童沐也有些詫異地掃了對方一眼,真沒想到孫途竟有這等本事,把這位朱勔跟前的親信幕僚都給感化了,或許這就是他能有今日地位和實力的原因所在吧。
不過這時已不是計較這些的時候了,他當即就道:“我這就趕去示警,可絕不能讓他乾出後悔終生的事情來!”說著,他也不再顧及手頭的公務,以及漸漸暗下來的天色,大步流星就出了公房,並在衙門口要了一匹快馬,以最快的速度就朝著棲霞山的方向飛馳而去。

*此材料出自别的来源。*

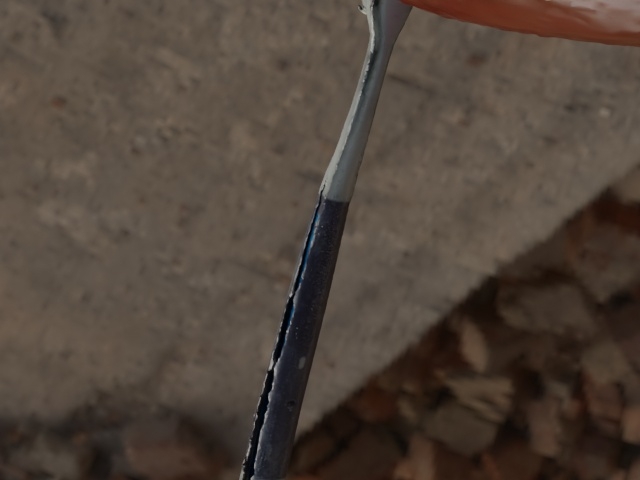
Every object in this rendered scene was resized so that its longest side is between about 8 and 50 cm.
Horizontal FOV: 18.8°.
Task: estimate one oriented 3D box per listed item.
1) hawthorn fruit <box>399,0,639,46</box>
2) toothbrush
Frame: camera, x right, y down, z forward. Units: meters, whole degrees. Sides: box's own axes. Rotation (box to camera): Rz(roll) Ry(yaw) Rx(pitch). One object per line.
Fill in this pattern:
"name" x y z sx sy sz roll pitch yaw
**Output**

“三郎啊三郎,你可一定要慢慢來啊,若真把謝默給害死了,恐怕咱們的全盤計劃都要徹底泡湯了。到時說不定江南半壁真會因之落到方臘他們的手上……”心裡做著祈禱,童沐焦急地打馬向前,目光則是定定落在那遠處的棲霞山上。
突然,他的神色就是一變,剛衝出城門的他猛然就一拉韁繩,住馬後,傻愣愣地看向了遠處的那座高山,臉上滿是驚恐和難以置信。因為那山上此時赫然有股股濃煙升騰而起,中間更且夾雜著點點火光,竟是有人在縱火燒山了!
這一下,卻使童沐的心瞬間涼了半截,他最擔心的事情終於還是發生了。
與此同時,朱府之中,朱勔正看著那已濃煙滾滾的棲霞山哈哈大笑起來:“成了,饒他孫途再精明,還不是照樣被咱玩弄於股掌之間。這一回,謝默死定了,他也一樣死定了!”